Title: Chronology of Deformation of Paleozoic and Tertiary Succession Near Railroad Valley, Nevada: ABSTRACT

Author(s): Anton D. Ptacek

Article Type: Meeting abstract

Abstract:

Principal structures occurring in the Paleozoic sedimentary section of the Horse Range are thrust faults (some placing older over younger rocks, but most placing younger over older), north-south-trending, asymmetrical, eastward-overturned folds, and high-angle faults. Pre-Oligocene deformation of these Paleozoic rocks is indicated by Oligocene volcanic rocks lying with angular unconformity on overturned Ordovician strata.

In the dissected pediments west of the Horse Range, a 10,000-foot-thick sedimentary and volcanic succession of Oligocene, Miocene, and Pliocene rocks crops out (Moores, 1965). The Miocene-Pliocene part of the section lies disconformably on Oligocene volcanic rocks and consists of an assemblage of terrestrial strata, including indurated ash beds, lacustrine limestone, and immature detrital deposits which contain angular Paleozoic carbonate and Oligocene volcanic clasts derived from adjacent ranges.

The general parallelism of the Paleozoic and Tertiary successions given as evidence for contemporaneous deformation (Moores, 1965) is expressed only in that they are in contact with one another for a distance of approximately 12 miles. There the parallelism ends. Folds and thrust faults in the Paleozoic rocks trend north-south, whereas folds within the Tertiary succession trend east-west and plunge steeply toward the west. These relations, together with the angular unconformity between the Oligocene volcanic rocks and Paleozoic rocks, temporally separate tectonic deformation of the Paleozoic and Tertiary successions.
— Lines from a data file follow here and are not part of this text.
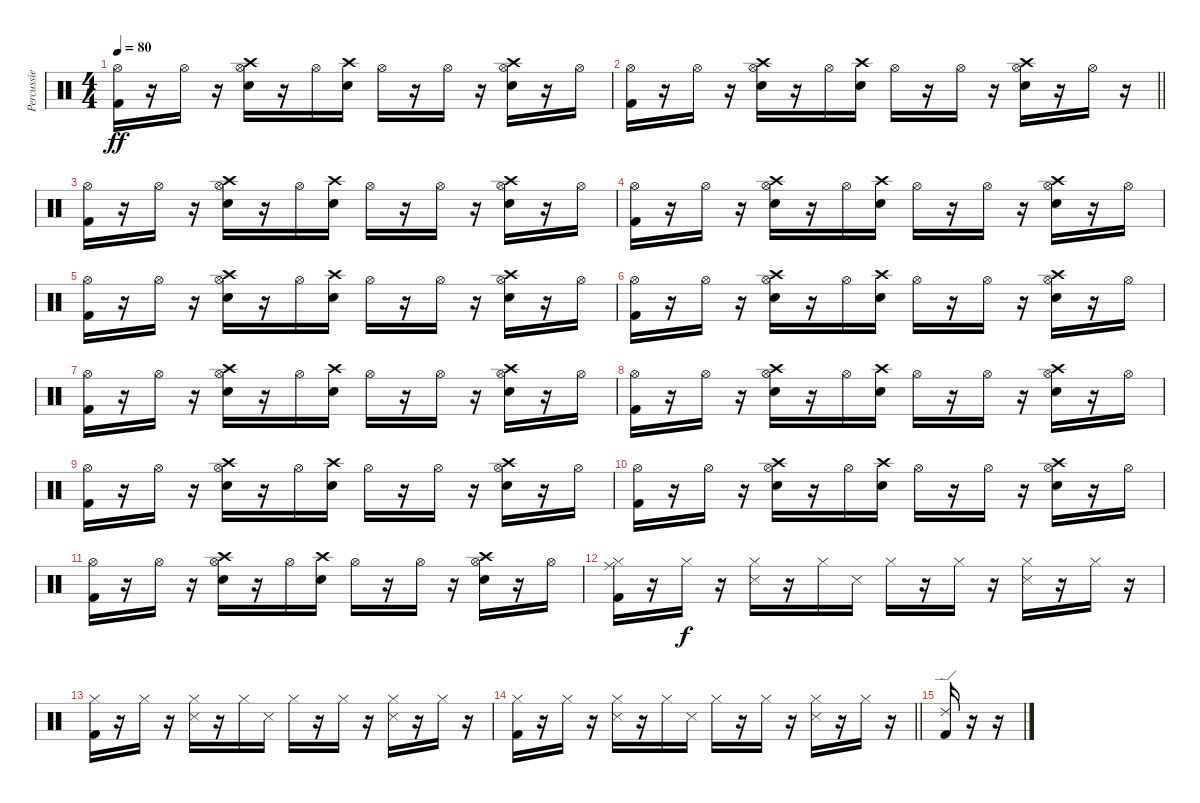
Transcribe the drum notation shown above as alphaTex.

\track ("Percussie" "Percussie") {instrument percussion}
\staff {score}
\articulation defaults
\ts (4 4)
\tempo 80
\clef neutral
\ks c
("Kick (hit) 2" "Hi-Hat (open)").16{dy ff} r.16 "Hi-Hat (open)".16 r.16 ("Electric Snare (hit)" "Hi-Hat (open)" "Crash high (hit)").16 r.16 "Hi-Hat (open)".16 ("Electric Snare (hit)" "Crash high (hit)").16 "Hi-Hat (open)".16 r.16 "Hi-Hat (open)".16 r.16 ("Electric Snare (hit)" "Hi-Hat (open)" "Crash high (hit)").16 r.16 "Hi-Hat (open)".16 |
\barLineRight lightlight
("Kick (hit) 2" "Hi-Hat (open)").16 r.16 "Hi-Hat (open)".16 r.16 ("Electric Snare (hit)" "Hi-Hat (open)" "Crash high (hit)").16 r.16 "Hi-Hat (open)".16 ("Electric Snare (hit)" "Crash high (hit)").16 "Hi-Hat (open)".16 r.16 "Hi-Hat (open)".16 r.16 ("Electric Snare (hit)" "Hi-Hat (open)" "Crash high (hit)").16 r.16 "Hi-Hat (open)".16 r.16 |
("Kick (hit) 2" "Hi-Hat (open)").16 r.16 "Hi-Hat (open)".16 r.16 ("Electric Snare (hit)" "Hi-Hat (open)" "Crash high (hit)").16 r.16 "Hi-Hat (open)".16 ("Electric Snare (hit)" "Crash high (hit)").16 "Hi-Hat (open)".16 r.16 "Hi-Hat (open)".16 r.16 ("Electric Snare (hit)" "Hi-Hat (open)" "Crash high (hit)").16 r.16 "Hi-Hat (open)".16 |
("Kick (hit) 2" "Hi-Hat (open)").16 r.16 "Hi-Hat (open)".16 r.16 ("Electric Snare (hit)" "Hi-Hat (open)" "Crash high (hit)").16 r.16 "Hi-Hat (open)".16 ("Electric Snare (hit)" "Crash high (hit)").16 "Hi-Hat (open)".16 r.16 "Hi-Hat (open)".16 r.16 ("Electric Snare (hit)" "Hi-Hat (open)" "Crash high (hit)").16 r.16 "Hi-Hat (open)".16 |
("Kick (hit) 2" "Hi-Hat (open)").16 r.16 "Hi-Hat (open)".16 r.16 ("Electric Snare (hit)" "Hi-Hat (open)" "Crash high (hit)").16 r.16 "Hi-Hat (open)".16 ("Electric Snare (hit)" "Crash high (hit)").16 "Hi-Hat (open)".16 r.16 "Hi-Hat (open)".16 r.16 ("Electric Snare (hit)" "Hi-Hat (open)" "Crash high (hit)").16 r.16 "Hi-Hat (open)".16 |
("Kick (hit) 2" "Hi-Hat (open)").16 r.16 "Hi-Hat (open)".16 r.16 ("Electric Snare (hit)" "Hi-Hat (open)" "Crash high (hit)").16 r.16 "Hi-Hat (open)".16 ("Electric Snare (hit)" "Crash high (hit)").16 "Hi-Hat (open)".16 r.16 "Hi-Hat (open)".16 r.16 ("Electric Snare (hit)" "Hi-Hat (open)" "Crash high (hit)").16 r.16 "Hi-Hat (open)".16 |
("Kick (hit) 2" "Hi-Hat (open)").16 r.16 "Hi-Hat (open)".16 r.16 ("Electric Snare (hit)" "Hi-Hat (open)" "Crash high (hit)").16 r.16 "Hi-Hat (open)".16 ("Electric Snare (hit)" "Crash high (hit)").16 "Hi-Hat (open)".16 r.16 "Hi-Hat (open)".16 r.16 ("Electric Snare (hit)" "Hi-Hat (open)" "Crash high (hit)").16 r.16 "Hi-Hat (open)".16 |
("Kick (hit) 2" "Hi-Hat (open)").16 r.16 "Hi-Hat (open)".16 r.16 ("Electric Snare (hit)" "Hi-Hat (open)" "Crash high (hit)").16 r.16 "Hi-Hat (open)".16 ("Electric Snare (hit)" "Crash high (hit)").16 "Hi-Hat (open)".16 r.16 "Hi-Hat (open)".16 r.16 ("Electric Snare (hit)" "Hi-Hat (open)" "Crash high (hit)").16 r.16 "Hi-Hat (open)".16 |
("Kick (hit) 2" "Hi-Hat (open)").16 r.16 "Hi-Hat (open)".16 r.16 ("Electric Snare (hit)" "Hi-Hat (open)" "Crash high (hit)").16 r.16 "Hi-Hat (open)".16 ("Electric Snare (hit)" "Crash high (hit)").16 "Hi-Hat (open)".16 r.16 "Hi-Hat (open)".16 r.16 ("Electric Snare (hit)" "Hi-Hat (open)" "Crash high (hit)").16 r.16 "Hi-Hat (open)".16 |
("Kick (hit) 2" "Hi-Hat (open)").16 r.16 "Hi-Hat (open)".16 r.16 ("Electric Snare (hit)" "Hi-Hat (open)" "Crash high (hit)").16 r.16 "Hi-Hat (open)".16 ("Electric Snare (hit)" "Crash high (hit)").16 "Hi-Hat (open)".16 r.16 "Hi-Hat (open)".16 r.16 ("Electric Snare (hit)" "Hi-Hat (open)" "Crash high (hit)").16 r.16 "Hi-Hat (open)".16 |
("Kick (hit) 2" "Hi-Hat (open)").16 r.16 "Hi-Hat (open)".16 r.16 ("Electric Snare (hit)" "Hi-Hat (open)" "Crash high (hit)").16 r.16 "Hi-Hat (open)".16 ("Electric Snare (hit)" "Crash high (hit)").16 "Hi-Hat (open)".16 r.16 "Hi-Hat (open)".16 r.16 ("Electric Snare (hit)" "Hi-Hat (open)" "Crash high (hit)").16 r.16 "Hi-Hat (open)".16 |
("Kick (hit) 2" "Hi-Hat (closed)" "Ride (middle)").16 r.16 "Hi-Hat (closed)".16{dy f} r.16 ("Snare (side stick) 3" "Hi-Hat (closed)").16 r.16 "Hi-Hat (closed)".16 "Snare (side stick) 3".16 "Hi-Hat (closed)".16 r.16 "Hi-Hat (closed)".16 r.16 ("Snare (side stick) 3" "Hi-Hat (closed)").16 r.16 "Hi-Hat (closed)".16 r.16 |
("Kick (hit) 2" "Hi-Hat (closed)").16 r.16 "Hi-Hat (closed)".16 r.16 ("Snare (side stick) 3" "Hi-Hat (closed)").16 r.16 "Hi-Hat (closed)".16 "Snare (side stick) 3".16 "Hi-Hat (closed)".16 r.16 "Hi-Hat (closed)".16 r.16 ("Snare (side stick) 3" "Hi-Hat (closed)").16 r.16 "Hi-Hat (closed)".16 r.16 |
\barLineRight lightlight
("Kick (hit) 2" "Hi-Hat (closed)").16 r.16 "Hi-Hat (closed)".16 r.16 ("Snare (side stick) 3" "Hi-Hat (closed)").16 r.16 "Hi-Hat (closed)".16 "Snare (side stick) 3".16 "Hi-Hat (closed)".16 r.16 "Hi-Hat (closed)".16 r.16 ("Snare (side stick) 3" "Hi-Hat (closed)").16 r.16 "Hi-Hat (closed)".16 r.16 |
("Kick (hit) 2" "Ride (edge) 2").16 r.16 r.16

Principal deformation of the Paleozoic succession at least preceded the Oligocene volcanic rocks, and may be as old as Pennsylvanian (Ptacek, 1963). Deformation of the Tertiary succession occurred, at least in part, after the Pliocene rocks were deposited, and probably during the Oligocene and Miocene, as is suggested by several unconformities reported in the Tertiary succession (Moores, 1965).

Some occurrences of Paleozoic rocks are in positions that suggest emplacement by gravity sliding during or after deposition of Tertiary rocks. These occurrences can be explained easily as gravity-slide blocks emplaced from adjacent ranges (e.g. Horse and Grant) as the ranges were uplifted along high-angle faults, but in no way imply that the principal deformation of the Paleozoic strata was contemporaneous with deformation of the Tertiary succession.